„Wer genug hat, muss gehen“

Zum 60. Geburtstag von Thomas Brasch erinnerten drei Initiativen an den 2001 gestorbenen Lyriker und Dramatiker

„Was soll eigentlich aus Mitteleuropa werden, wenn ich eines Tages nicht mehr da bin?“, fragte eine krakelige weiße Schrift auf roten Plakaten, die in der Berliner Innenstadt „BRASCH ACUD“, ein ganztägiges Spektakel zu Werk und Person Thomas Braschs, ankündigten.

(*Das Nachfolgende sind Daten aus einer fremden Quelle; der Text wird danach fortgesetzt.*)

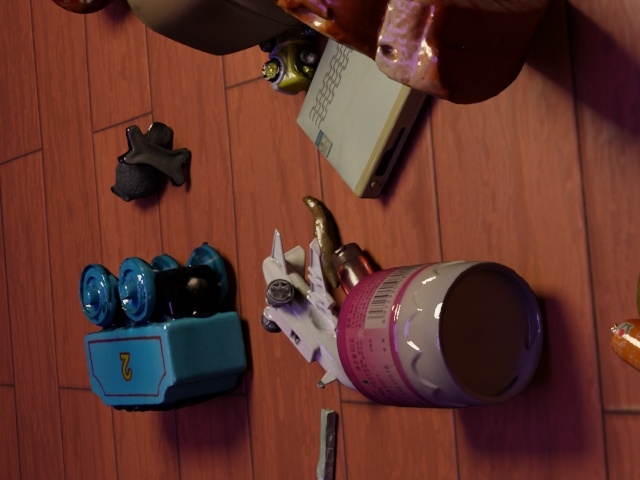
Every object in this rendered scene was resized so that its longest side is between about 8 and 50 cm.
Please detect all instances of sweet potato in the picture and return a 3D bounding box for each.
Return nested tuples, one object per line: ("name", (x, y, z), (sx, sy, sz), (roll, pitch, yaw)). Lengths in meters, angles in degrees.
("sweet potato", (0.004, -0.004, 1.788), (0.041, 0.038, 0.153), (-33, 63, 35))

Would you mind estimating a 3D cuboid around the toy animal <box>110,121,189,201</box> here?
("toy animal", (-0.317, -0.140, 2.186), (0.210, 0.121, 0.117), (-25, 53, 59))

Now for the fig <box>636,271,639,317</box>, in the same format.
("fig", (0.394, 0.011, 1.123), (0.151, 0.151, 0.259), (67, 151, 26))

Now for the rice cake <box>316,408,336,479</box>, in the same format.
("rice cake", (0.008, 0.304, 1.817), (0.022, 0.022, 0.121), (-160, 70, -63))

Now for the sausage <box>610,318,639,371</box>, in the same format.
("sausage", (0.409, 0.159, 1.218), (0.348, 0.053, 0.053), (35, 120, 48))

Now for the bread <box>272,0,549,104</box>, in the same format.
("bread", (0.094, -0.288, 1.414), (0.328, 0.295, 0.114), (31, 121, 14))

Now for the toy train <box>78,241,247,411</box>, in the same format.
("toy train", (-0.268, 0.150, 2.062), (0.300, 0.188, 0.265), (-12, 87, 53))

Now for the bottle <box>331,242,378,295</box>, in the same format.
("bottle", (0.067, 0.073, 1.692), (0.164, 0.060, 0.060), (60, 137, 33))

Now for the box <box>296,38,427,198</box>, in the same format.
("box", (0.067, -0.218, 1.677), (0.211, 0.045, 0.270), (52, 132, 39))

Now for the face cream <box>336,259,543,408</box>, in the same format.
("face cream", (0.140, 0.113, 1.486), (0.195, 0.175, 0.175), (-8, 86, 56))

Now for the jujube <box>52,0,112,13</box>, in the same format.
("jujube", (-0.396, -0.540, 2.163), (0.223, 0.223, 0.318), (67, 149, 26))

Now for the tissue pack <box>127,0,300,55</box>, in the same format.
("tissue pack", (-0.129, -0.477, 1.731), (0.277, 0.267, 0.387), (-25, 64, 30))

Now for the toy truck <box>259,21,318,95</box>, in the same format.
("toy truck", (-0.037, -0.271, 1.802), (0.077, 0.076, 0.111), (-12, 80, 37))

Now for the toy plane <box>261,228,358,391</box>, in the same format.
("toy plane", (-0.014, 0.114, 1.752), (0.255, 0.101, 0.251), (57, 157, 23))
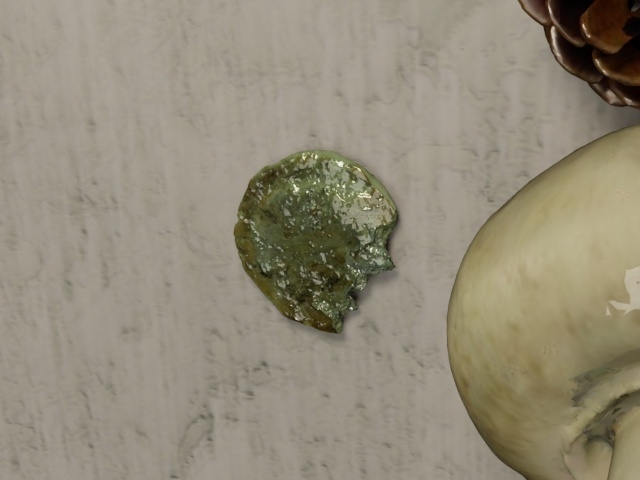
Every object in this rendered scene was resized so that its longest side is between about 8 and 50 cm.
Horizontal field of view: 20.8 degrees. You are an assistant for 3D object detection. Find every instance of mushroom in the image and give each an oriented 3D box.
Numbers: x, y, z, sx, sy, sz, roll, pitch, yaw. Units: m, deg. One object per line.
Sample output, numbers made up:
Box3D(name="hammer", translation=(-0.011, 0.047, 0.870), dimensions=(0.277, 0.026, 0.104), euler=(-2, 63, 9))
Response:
Box3D(name="mushroom", translation=(0.222, 0.059, 0.976), dimensions=(0.315, 0.356, 0.315), euler=(-1, 87, 13))

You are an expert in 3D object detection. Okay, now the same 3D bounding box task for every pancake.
Box3D(name="pancake", translation=(-0.005, -0.003, 1.211), dimensions=(0.116, 0.022, 0.129), euler=(41, 119, 6))

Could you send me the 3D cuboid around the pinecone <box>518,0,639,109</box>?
Box3D(name="pinecone", translation=(0.209, -0.161, 0.979), dimensions=(0.207, 0.208, 0.208), euler=(7, 111, 19))
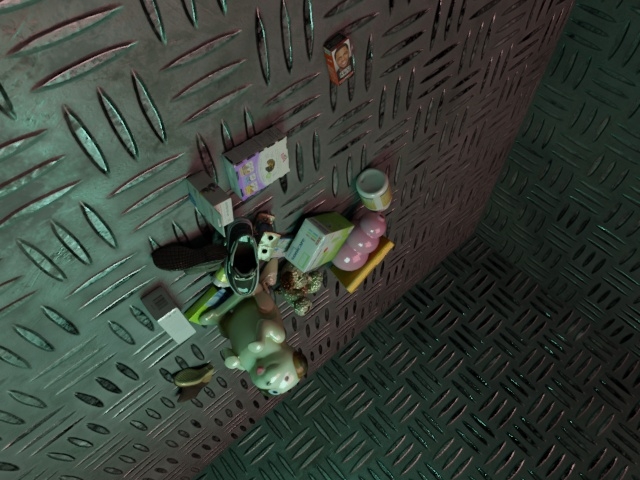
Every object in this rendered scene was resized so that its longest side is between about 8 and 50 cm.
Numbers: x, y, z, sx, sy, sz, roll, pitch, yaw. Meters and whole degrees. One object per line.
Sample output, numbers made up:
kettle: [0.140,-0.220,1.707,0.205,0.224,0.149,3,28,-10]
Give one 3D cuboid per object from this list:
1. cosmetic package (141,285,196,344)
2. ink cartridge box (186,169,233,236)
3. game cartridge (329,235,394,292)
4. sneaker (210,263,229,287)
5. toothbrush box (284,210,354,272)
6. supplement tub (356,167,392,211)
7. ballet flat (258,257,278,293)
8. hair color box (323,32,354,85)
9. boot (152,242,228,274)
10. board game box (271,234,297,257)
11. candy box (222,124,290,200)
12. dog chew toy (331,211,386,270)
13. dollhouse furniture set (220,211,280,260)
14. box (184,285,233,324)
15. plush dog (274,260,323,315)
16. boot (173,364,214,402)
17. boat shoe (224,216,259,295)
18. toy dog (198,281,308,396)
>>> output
cosmetic package: [-0.534,0.270,1.624,0.086,0.117,0.231,-37,152,-19]
ink cartridge box: [-0.311,-0.107,1.338,0.062,0.181,0.104,-33,152,-26]
game cartridge: [0.207,0.089,2.351,0.323,0.285,0.053,-47,114,2]
sneaker: [-0.322,0.128,1.785,0.209,0.081,0.094,-2,128,-55]
toothbrush box: [0.000,0.000,2.001,0.283,0.122,0.206,-17,142,-59]
supplement tub: [0.246,-0.223,2.071,0.144,0.144,0.199,-45,155,-4]
ballet flat: [-0.239,0.188,1.997,0.248,0.086,0.086,-56,153,18]
hair color box: [0.058,-0.556,1.414,0.072,0.043,0.141,-42,154,-8]
boot: [-0.437,0.081,1.529,0.247,0.083,0.161,-6,159,-29]
board game box: [-0.154,0.024,1.952,0.154,0.026,0.103,-4,131,-55]
candy box: [-0.197,-0.244,1.446,0.196,0.070,0.164,-36,152,-21]
dog chew toy: [0.183,-0.006,2.179,0.207,0.206,0.332,-8,146,-53]
dollhouse furniture set: [-0.259,-0.027,1.650,0.184,0.129,0.128,12,122,-27]
box: [-0.444,0.253,1.822,0.178,0.042,0.109,-44,156,-4]
plush dog: [-0.119,0.181,2.112,0.262,0.211,0.225,-61,156,-47]
boot: [-0.617,0.690,2.136,0.206,0.090,0.248,-57,157,16]
boat shoe: [-0.272,0.082,1.566,0.121,0.119,0.335,-9,129,-11]
toy dog: [-0.237,0.420,1.821,0.285,0.407,0.395,-35,156,5]
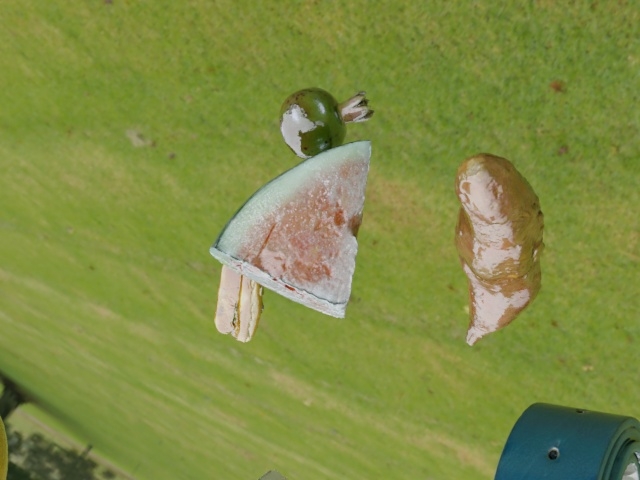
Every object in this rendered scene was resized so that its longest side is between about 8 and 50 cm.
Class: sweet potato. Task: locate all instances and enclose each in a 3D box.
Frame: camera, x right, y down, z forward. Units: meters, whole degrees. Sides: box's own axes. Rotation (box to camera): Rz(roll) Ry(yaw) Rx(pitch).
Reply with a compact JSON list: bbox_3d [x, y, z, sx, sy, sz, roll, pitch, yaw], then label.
[{"bbox_3d":[0.186,0.002,0.885,0.095,0.106,0.354,39,163,27],"label":"sweet potato"}]

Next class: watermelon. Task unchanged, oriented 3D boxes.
[{"bbox_3d":[0.000,0.000,1.179,0.201,0.261,0.213,50,171,10],"label":"watermelon"}]

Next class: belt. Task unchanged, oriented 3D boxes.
[{"bbox_3d":[0.349,0.450,1.168,0.173,0.437,0.300,6,174,39],"label":"belt"}]

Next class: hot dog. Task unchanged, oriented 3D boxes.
[{"bbox_3d":[-0.176,0.123,1.889,0.109,0.072,0.269,25,129,14],"label":"hot dog"}]

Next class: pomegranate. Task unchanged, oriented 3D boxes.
[{"bbox_3d":[0.008,-0.179,1.256,0.142,0.114,0.114,-18,134,14],"label":"pomegranate"}]

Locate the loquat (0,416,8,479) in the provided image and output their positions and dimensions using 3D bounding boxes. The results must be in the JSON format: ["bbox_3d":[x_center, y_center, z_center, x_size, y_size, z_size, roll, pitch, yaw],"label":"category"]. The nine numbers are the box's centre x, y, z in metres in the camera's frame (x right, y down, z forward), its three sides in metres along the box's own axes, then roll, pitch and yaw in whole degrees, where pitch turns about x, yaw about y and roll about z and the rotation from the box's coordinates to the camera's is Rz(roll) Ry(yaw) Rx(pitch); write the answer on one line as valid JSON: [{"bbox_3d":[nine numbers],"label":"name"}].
[{"bbox_3d":[-0.479,0.257,0.937,0.263,0.263,0.263,26,153,14],"label":"loquat"}]

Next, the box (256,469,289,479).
[{"bbox_3d":[-0.093,0.349,0.996,0.051,0.130,0.129,33,-169,15],"label":"box"}]
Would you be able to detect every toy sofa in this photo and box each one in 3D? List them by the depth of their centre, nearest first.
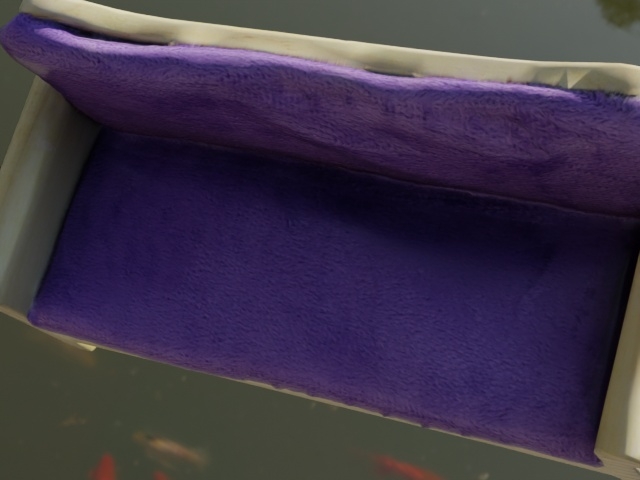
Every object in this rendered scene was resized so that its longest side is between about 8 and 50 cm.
[{"bbox_3d":[0.000,0.000,0.621,0.362,0.150,0.177,11,-14,23],"label":"toy sofa"}]
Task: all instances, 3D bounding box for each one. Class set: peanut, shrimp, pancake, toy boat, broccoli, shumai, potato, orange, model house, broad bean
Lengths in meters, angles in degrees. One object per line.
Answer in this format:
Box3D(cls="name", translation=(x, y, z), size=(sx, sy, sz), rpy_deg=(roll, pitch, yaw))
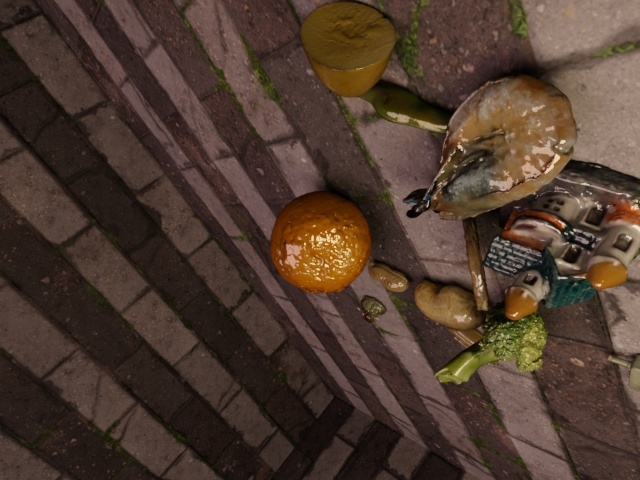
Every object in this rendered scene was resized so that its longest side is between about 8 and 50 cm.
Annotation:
Box3D(cls="peanut", translation=(0.243, 0.134, 1.472), size=(0.174, 0.080, 0.080), rpy_deg=(31, 151, 34))
Box3D(cls="shrimp", translation=(0.302, -0.153, 0.829), size=(0.221, 0.109, 0.445), rpy_deg=(63, 152, 8))
Box3D(cls="pancake", translation=(0.372, 0.057, 0.968), size=(0.033, 0.288, 0.286), rpy_deg=(-9, 121, 21))
Box3D(cls="peanut", translation=(0.402, 0.200, 1.285), size=(0.253, 0.122, 0.137), rpy_deg=(8, 111, 55))
Box3D(cls="toy boat", translation=(0.528, 0.349, 1.384), size=(0.200, 0.057, 0.077), rpy_deg=(37, 158, 15))
Box3D(cls="broccoli", translation=(0.489, 0.289, 1.079), size=(0.186, 0.302, 0.254), rpy_deg=(40, 152, 22))
Box3D(cls="shumai", translation=(0.211, 0.304, 1.748), size=(0.123, 0.087, 0.099), rpy_deg=(8, 137, 53))
Box3D(cls="potato", translation=(0.059, -0.397, 0.894), size=(0.203, 0.178, 0.158), rpy_deg=(13, 163, 9))
Box3D(cls="orange", translation=(0.000, 0.000, 1.355), size=(0.341, 0.340, 0.293), rpy_deg=(57, -171, -23))
Box3D(cls="model house", translation=(0.441, 0.018, 0.774), size=(0.271, 0.301, 0.190), rpy_deg=(29, 157, 30))
Box3D(cls="broad bean", translation=(0.220, -0.287, 0.904), size=(0.325, 0.067, 0.075), rpy_deg=(26, 120, 24))

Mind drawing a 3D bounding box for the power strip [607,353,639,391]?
Box3D(cls="power strip", translation=(0.825, 0.335, 0.929), size=(0.287, 0.053, 0.093), rpy_deg=(15, 141, 45))
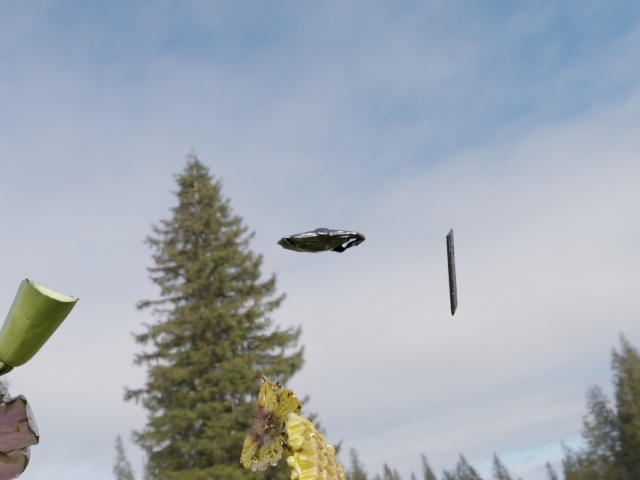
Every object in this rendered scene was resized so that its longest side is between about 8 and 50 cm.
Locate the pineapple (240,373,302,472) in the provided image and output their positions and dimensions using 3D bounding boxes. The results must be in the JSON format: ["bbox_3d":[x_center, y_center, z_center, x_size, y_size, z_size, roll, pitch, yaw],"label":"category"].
[{"bbox_3d":[-0.105,0.437,1.714,0.135,0.233,0.079,13,6,-44],"label":"pineapple"}]

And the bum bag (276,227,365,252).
[{"bbox_3d":[0.000,0.000,1.910,0.248,0.069,0.102,0,6,-19],"label":"bum bag"}]

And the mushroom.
[{"bbox_3d":[-0.573,0.317,1.246,0.141,0.188,0.117,-20,19,-20],"label":"mushroom"}]

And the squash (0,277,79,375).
[{"bbox_3d":[-0.670,0.204,1.640,0.137,0.137,0.287,14,-63,-50],"label":"squash"}]

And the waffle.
[{"bbox_3d":[0.009,0.499,1.434,0.062,0.329,0.329,-28,-22,3],"label":"waffle"}]

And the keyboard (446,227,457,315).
[{"bbox_3d":[0.306,0.073,1.666,0.010,0.198,0.063,0,18,21],"label":"keyboard"}]
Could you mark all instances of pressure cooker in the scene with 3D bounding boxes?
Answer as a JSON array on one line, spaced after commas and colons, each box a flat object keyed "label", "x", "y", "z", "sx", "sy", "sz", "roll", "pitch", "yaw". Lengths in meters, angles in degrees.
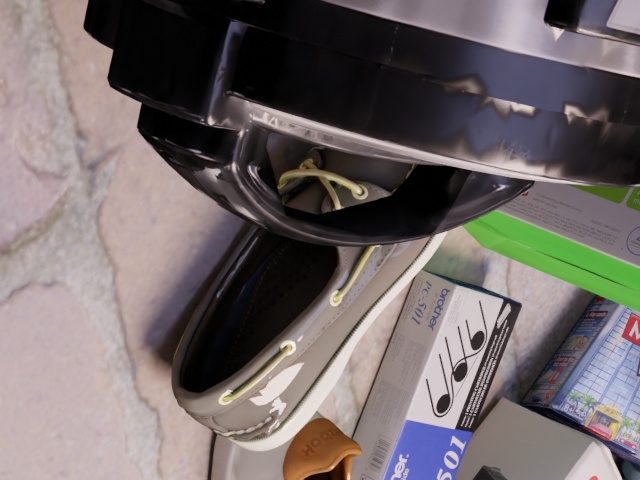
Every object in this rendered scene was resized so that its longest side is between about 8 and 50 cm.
[{"label": "pressure cooker", "x": 0.062, "y": -0.199, "z": 0.987, "sx": 0.370, "sy": 0.375, "sz": 0.420, "roll": 14, "pitch": 100, "yaw": -11}]

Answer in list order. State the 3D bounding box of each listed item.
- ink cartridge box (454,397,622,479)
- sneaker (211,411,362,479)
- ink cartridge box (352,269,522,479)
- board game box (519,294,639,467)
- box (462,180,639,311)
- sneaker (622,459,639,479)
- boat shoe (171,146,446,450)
[{"label": "ink cartridge box", "x": 0.148, "y": 0.303, "z": 1.512, "sx": 0.273, "sy": 0.114, "sz": 0.197, "roll": -48, "pitch": 137, "yaw": -18}, {"label": "sneaker", "x": -0.026, "y": 0.259, "z": 1.296, "sx": 0.106, "sy": 0.123, "sz": 0.290, "roll": -20, "pitch": 123, "yaw": -43}, {"label": "ink cartridge box", "x": 0.085, "y": 0.133, "z": 1.414, "sx": 0.097, "sy": 0.046, "sz": 0.207, "roll": 16, "pitch": 96, "yaw": -49}, {"label": "board game box", "x": 0.304, "y": 0.102, "z": 1.579, "sx": 0.194, "sy": 0.060, "sz": 0.194, "roll": 28, "pitch": 78, "yaw": -19}, {"label": "box", "x": 0.251, "y": -0.076, "z": 1.328, "sx": 0.231, "sy": 0.262, "sz": 0.127, "roll": -59, "pitch": 140, "yaw": -10}, {"label": "sneaker", "x": 0.306, "y": 0.272, "z": 1.668, "sx": 0.319, "sy": 0.127, "sz": 0.208, "roll": -43, "pitch": 138, "yaw": -39}, {"label": "boat shoe", "x": 0.003, "y": 0.002, "z": 1.212, "sx": 0.305, "sy": 0.109, "sz": 0.091, "roll": -58, "pitch": 145, "yaw": -4}]
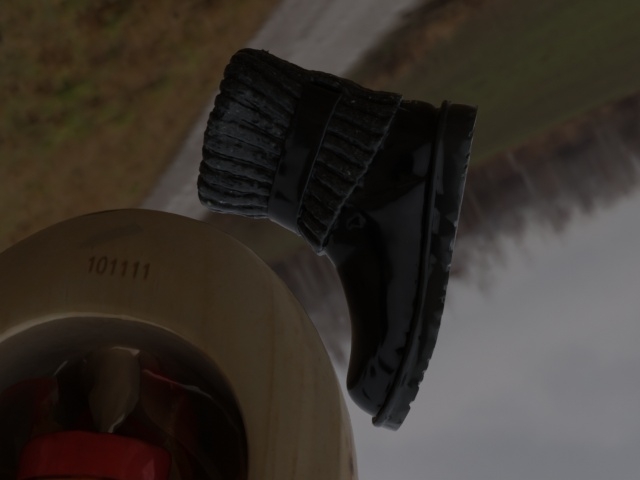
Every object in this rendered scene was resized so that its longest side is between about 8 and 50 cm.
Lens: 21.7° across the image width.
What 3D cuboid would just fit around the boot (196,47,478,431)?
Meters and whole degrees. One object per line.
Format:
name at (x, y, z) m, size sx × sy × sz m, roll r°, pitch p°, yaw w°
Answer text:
boot at (0.000, -0.001, 1.651) m, size 0.260 × 0.348 × 0.131 m, roll 10°, pitch -176°, yaw 3°

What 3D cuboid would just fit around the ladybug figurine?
ladybug figurine at (-0.130, 0.203, 0.967) m, size 0.305 × 0.449 × 0.162 m, roll 8°, pitch 155°, yaw 7°
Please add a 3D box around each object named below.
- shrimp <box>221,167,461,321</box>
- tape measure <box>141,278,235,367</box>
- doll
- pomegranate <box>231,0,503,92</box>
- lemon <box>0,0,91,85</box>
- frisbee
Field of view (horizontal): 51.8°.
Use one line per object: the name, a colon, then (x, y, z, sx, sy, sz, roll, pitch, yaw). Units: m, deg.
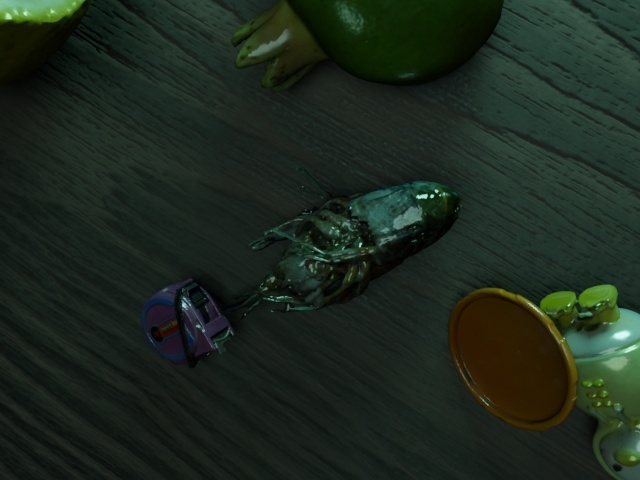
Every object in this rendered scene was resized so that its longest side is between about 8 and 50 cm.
shrimp: (0.002, -0.001, 0.868, 0.371, 0.137, 0.172, -21, 78, 14)
tape measure: (-0.195, 0.122, 0.953, 0.118, 0.074, 0.125, -27, 91, 35)
doll: (0.366, 0.195, 0.809, 0.141, 0.117, 0.297, -19, 94, 37)
pomegranate: (0.039, -0.307, 0.763, 0.358, 0.216, 0.310, -34, 93, 17)
lemon: (-0.493, -0.340, 0.831, 0.363, 0.364, 0.365, 2, 99, 13)
frisbee: (0.243, 0.147, 0.835, 0.192, 0.035, 0.192, 31, 132, 42)
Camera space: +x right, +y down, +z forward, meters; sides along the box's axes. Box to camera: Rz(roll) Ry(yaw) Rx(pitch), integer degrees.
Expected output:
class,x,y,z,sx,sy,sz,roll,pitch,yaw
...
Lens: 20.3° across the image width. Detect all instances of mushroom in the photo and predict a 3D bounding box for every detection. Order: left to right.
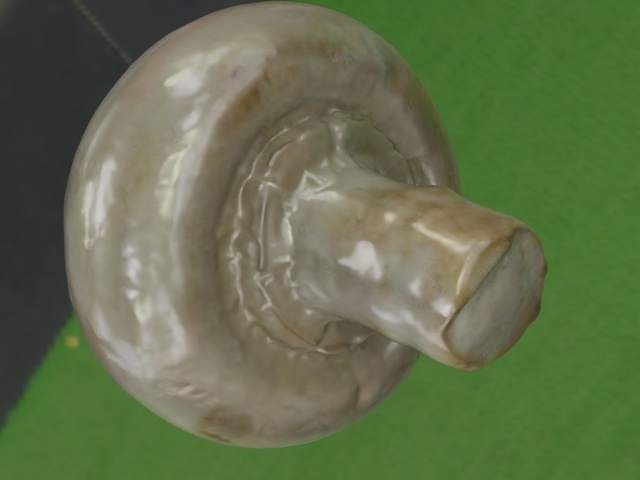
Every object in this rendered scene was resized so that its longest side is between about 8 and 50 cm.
class,x,y,z,sx,sy,sz,roll,pitch,yaw
mushroom,-0.015,0.007,0.808,0.206,0.206,0.209,-56,37,21

Am 19. Februar wäre der Lyriker, Erzähler, Dramatiker und Filmemacher Thomas Brasch sechzig Jahre geworden. Die Frage zu Mitteleuropa ließe sich auf laxe Art beantworten: mit Mitteleuropa geht's immer irgendwie weiter. Etwas anderes dagegen scheint unvereinbar – der Name Thomas Brasch und die Zahl 60.

Mit dem Titel des Erzählungsbandes „Vor den Vätern sterben die Söhne“ hatte Thomas Brasch 1977 einen Anspruch formuliert, der stark nach der Rock-'n’-Roll-Forderung „Stirb jung“ klang. Darunter lag freilich eine Tragik, die ihn von den meisten seiner Altersgenossen in Ost wie West trennte. Es war immer der Kampf mit dem Vater, der sich durch das gesamte Werk zieht und der im Leben mit der Verhaftung des vom Vater verratenen Sohnes im August 1968 nach einer Flugblattaktion gegen den Einmarsch der Truppen der Warschauer-Pakt-Staaten in Prag seinen Höhepunkt hatte.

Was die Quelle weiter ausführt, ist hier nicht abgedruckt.